Tuesday, October 19, 2004
In A Subway Train
It was so hot. Though the weather was cold and rainy, something had happened to the heating system of the train and the heat rose, stop by stop. It awakened the dormant smells in the dust in the air and in the bodies of the people, packed tight into a too small space, grabbing hard onto the hard metal bars. On every stop more people streamed in, less stagnant air left and the pressure increased. The fat man across the aisle was slowly shrinking away into a puddle of sweat, the woman sitting spreadlegged on two seats kept unwrapping another layer of her manicolored garments. Small children screamed out of heat and lack of oxygen and the press of alien bodies against them. A man in an expensive suit carefully wiped the sweat off his neck before it dyed the white collar of his shirt yellow.

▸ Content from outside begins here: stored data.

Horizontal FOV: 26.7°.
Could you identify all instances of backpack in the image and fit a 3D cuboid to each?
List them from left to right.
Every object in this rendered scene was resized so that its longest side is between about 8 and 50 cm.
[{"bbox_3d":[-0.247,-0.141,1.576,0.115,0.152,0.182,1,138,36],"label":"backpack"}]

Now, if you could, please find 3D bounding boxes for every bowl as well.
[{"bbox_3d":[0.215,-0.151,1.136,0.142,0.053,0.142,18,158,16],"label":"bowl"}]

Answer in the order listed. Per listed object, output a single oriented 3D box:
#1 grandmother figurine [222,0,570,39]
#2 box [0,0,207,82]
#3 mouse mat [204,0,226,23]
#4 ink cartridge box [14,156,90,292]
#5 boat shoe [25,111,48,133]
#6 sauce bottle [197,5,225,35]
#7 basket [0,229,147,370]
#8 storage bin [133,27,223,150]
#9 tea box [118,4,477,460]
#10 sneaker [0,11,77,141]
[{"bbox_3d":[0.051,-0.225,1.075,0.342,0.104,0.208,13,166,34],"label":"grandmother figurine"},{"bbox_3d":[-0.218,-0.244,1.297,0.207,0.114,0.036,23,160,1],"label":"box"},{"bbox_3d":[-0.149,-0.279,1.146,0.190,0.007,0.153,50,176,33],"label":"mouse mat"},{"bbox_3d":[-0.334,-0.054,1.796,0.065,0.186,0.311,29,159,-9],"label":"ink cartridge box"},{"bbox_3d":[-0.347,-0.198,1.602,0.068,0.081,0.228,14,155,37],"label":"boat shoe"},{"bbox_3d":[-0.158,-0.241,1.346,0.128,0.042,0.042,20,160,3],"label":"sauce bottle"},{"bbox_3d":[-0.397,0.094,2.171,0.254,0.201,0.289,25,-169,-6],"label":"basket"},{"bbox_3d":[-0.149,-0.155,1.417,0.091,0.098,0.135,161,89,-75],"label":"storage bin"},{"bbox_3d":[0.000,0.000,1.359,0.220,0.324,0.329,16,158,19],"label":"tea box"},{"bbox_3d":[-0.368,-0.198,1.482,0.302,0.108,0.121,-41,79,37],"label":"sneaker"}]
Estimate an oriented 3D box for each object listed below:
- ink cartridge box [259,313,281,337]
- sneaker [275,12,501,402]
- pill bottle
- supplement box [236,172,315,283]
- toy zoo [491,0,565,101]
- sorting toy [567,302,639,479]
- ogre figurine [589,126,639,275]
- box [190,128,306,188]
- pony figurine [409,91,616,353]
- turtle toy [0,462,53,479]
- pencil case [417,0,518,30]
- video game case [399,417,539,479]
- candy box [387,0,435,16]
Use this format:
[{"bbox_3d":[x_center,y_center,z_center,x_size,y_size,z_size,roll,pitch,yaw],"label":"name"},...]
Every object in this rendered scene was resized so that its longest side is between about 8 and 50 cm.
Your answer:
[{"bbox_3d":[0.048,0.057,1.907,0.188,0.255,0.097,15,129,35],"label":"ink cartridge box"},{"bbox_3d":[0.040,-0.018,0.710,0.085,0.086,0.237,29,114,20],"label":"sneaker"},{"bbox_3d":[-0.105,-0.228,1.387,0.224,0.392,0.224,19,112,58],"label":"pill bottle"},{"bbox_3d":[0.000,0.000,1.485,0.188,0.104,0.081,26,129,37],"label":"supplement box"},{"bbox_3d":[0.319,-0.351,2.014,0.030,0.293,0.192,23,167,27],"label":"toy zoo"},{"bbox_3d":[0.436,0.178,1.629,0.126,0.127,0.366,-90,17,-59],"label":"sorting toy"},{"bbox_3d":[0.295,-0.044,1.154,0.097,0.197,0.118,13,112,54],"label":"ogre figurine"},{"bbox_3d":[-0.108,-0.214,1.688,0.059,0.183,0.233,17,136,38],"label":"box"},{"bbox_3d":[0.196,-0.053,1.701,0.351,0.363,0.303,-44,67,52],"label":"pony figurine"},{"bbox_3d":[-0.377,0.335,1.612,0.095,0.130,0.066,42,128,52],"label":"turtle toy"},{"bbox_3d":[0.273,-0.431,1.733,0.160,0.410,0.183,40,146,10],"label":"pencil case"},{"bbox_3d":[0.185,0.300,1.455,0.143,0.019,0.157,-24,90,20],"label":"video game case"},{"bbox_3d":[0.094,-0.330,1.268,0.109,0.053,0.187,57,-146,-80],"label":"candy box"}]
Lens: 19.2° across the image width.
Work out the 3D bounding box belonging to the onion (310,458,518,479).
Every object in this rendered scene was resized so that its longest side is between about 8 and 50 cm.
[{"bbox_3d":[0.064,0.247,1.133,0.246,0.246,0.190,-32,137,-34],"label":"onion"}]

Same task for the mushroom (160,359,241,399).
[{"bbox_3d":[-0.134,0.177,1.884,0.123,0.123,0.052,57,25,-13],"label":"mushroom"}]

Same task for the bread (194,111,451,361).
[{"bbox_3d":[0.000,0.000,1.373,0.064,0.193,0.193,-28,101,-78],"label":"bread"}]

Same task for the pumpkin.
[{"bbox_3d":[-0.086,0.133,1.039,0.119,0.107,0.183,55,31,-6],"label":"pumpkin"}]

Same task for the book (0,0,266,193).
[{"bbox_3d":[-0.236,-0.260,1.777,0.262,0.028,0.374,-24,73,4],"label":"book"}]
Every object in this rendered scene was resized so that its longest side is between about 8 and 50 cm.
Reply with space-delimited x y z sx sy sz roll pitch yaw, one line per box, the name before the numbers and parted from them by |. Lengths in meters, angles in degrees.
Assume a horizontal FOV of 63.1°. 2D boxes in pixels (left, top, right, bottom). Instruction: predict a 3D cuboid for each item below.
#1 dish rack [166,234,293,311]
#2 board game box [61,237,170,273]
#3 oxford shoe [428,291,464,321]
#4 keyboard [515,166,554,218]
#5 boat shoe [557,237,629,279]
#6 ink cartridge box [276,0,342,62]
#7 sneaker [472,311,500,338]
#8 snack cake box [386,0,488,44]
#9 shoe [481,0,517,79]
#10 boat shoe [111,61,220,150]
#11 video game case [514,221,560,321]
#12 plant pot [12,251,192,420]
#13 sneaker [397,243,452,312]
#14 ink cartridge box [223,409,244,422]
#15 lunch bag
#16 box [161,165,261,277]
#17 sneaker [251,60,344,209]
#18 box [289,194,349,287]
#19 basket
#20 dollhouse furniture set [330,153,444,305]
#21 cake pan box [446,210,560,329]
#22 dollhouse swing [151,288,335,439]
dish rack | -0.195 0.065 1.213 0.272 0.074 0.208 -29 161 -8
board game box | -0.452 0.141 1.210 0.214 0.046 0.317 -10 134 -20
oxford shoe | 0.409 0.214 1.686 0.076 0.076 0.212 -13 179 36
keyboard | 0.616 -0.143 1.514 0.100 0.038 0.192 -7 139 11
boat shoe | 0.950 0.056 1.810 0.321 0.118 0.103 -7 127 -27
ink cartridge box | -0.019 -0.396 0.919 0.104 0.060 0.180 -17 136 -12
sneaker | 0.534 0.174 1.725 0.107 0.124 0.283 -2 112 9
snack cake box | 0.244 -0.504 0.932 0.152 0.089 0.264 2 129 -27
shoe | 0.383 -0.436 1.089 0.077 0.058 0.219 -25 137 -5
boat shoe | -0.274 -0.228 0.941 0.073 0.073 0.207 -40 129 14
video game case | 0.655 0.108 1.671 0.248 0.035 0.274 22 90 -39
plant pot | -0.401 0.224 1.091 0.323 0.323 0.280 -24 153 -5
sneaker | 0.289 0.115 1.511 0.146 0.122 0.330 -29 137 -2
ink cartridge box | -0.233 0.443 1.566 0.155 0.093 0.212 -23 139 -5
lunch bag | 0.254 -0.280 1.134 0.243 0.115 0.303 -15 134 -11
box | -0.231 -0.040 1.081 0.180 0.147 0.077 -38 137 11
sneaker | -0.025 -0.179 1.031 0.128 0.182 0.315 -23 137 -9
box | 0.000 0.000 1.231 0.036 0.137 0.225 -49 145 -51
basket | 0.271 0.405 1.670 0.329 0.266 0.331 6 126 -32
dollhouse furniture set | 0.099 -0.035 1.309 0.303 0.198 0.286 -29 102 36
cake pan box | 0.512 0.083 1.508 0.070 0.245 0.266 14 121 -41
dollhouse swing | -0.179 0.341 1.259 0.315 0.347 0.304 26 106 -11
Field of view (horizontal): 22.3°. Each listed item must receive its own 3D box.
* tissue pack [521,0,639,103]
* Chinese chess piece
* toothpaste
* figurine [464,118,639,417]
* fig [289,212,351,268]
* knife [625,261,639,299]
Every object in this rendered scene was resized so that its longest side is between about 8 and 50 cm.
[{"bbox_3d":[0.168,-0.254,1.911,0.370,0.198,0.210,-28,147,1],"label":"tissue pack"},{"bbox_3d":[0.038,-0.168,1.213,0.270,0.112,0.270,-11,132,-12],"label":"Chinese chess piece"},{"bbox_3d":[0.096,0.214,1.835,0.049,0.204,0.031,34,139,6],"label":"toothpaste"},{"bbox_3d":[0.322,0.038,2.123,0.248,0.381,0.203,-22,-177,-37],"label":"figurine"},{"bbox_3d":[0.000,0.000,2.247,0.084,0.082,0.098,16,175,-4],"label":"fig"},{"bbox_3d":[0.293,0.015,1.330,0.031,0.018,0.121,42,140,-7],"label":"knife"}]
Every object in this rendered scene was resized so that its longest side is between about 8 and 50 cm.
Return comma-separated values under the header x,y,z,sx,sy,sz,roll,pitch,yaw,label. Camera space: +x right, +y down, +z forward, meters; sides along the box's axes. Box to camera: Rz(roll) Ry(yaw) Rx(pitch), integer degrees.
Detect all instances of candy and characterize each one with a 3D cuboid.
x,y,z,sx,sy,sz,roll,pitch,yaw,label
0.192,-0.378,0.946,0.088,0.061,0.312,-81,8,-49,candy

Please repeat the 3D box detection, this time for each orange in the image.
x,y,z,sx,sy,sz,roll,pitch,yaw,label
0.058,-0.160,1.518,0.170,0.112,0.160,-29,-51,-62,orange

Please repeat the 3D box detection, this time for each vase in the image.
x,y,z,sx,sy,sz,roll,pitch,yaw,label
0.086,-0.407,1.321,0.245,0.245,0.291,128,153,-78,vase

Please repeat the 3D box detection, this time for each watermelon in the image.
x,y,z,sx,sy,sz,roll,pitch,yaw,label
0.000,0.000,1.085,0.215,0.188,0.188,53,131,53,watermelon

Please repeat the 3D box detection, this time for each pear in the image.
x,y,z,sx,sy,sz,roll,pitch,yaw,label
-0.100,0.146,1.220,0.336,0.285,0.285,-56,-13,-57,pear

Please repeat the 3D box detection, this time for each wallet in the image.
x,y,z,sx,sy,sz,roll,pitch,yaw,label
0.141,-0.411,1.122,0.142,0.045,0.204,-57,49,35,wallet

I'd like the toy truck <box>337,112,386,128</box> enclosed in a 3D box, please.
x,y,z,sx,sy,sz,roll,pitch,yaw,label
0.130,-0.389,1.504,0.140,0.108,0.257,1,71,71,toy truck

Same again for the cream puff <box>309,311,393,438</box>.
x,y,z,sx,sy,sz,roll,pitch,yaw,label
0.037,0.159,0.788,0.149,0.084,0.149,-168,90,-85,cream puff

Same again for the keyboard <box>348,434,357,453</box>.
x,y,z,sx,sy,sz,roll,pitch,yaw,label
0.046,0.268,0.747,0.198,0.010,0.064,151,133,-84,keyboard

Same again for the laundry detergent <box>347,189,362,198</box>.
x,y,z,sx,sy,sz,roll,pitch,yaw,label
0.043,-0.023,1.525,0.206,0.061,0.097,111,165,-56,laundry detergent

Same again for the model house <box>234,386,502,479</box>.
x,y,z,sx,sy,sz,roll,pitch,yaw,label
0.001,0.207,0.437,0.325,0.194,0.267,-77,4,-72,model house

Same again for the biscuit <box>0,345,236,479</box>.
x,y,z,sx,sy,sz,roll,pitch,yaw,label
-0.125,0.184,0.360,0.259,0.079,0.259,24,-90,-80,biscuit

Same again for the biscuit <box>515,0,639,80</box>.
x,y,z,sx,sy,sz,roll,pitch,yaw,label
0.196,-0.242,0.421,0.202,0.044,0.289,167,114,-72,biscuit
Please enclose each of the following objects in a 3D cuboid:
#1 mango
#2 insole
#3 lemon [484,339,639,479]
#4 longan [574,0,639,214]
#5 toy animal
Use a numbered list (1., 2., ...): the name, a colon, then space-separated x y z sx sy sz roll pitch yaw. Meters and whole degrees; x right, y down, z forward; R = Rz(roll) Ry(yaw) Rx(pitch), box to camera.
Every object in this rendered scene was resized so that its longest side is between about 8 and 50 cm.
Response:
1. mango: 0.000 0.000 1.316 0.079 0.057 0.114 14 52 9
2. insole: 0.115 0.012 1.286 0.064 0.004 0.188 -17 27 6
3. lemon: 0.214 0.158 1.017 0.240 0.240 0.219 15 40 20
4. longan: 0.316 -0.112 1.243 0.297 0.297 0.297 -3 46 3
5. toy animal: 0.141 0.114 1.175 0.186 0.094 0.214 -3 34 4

The young woman was standing next to me, unable to reach more than a little finger's worth of the metal bar. She looked pale, almost translucent with the sweat running down her face. She was holding her stomach with one hand and clinging on to the bar with the other. I estimated her about seven months pregnant. Every bump of the train, every screech of its brakes seemed to signal directly into her body, and I edged away to give her more of the metal bar. But soon she needed both her hands just to avoid the bodies that were swung against her when the train took a curve, and all I could do was to cushion her against the sharp edges of the car walls.
Then someone got up from a seat and the pregnant woman started slowly to move towards the freed seat. I pushed a young teenager away to keep it free for her, but someone else got the seat in the meantime. Now the woman's old place had been lost in a rearranged sea of umbrellas, bags and newspapers, and she was left standing in the middle of the crowded corridor with nothing to hold onto. I couldn't reach her anymore, and my requests to a young man who was sitting near her, deep immersed in his newspapers, were not heard.
All the time the heat was increasing, the air turned into a hot, smelly custard and nobody left on any of the stops where yet more people tried to squeeze their bodies into the tightness. When I left, the pale woman was still standing, still supporting her stomach in grim determination, and the air was as impenetrable as before.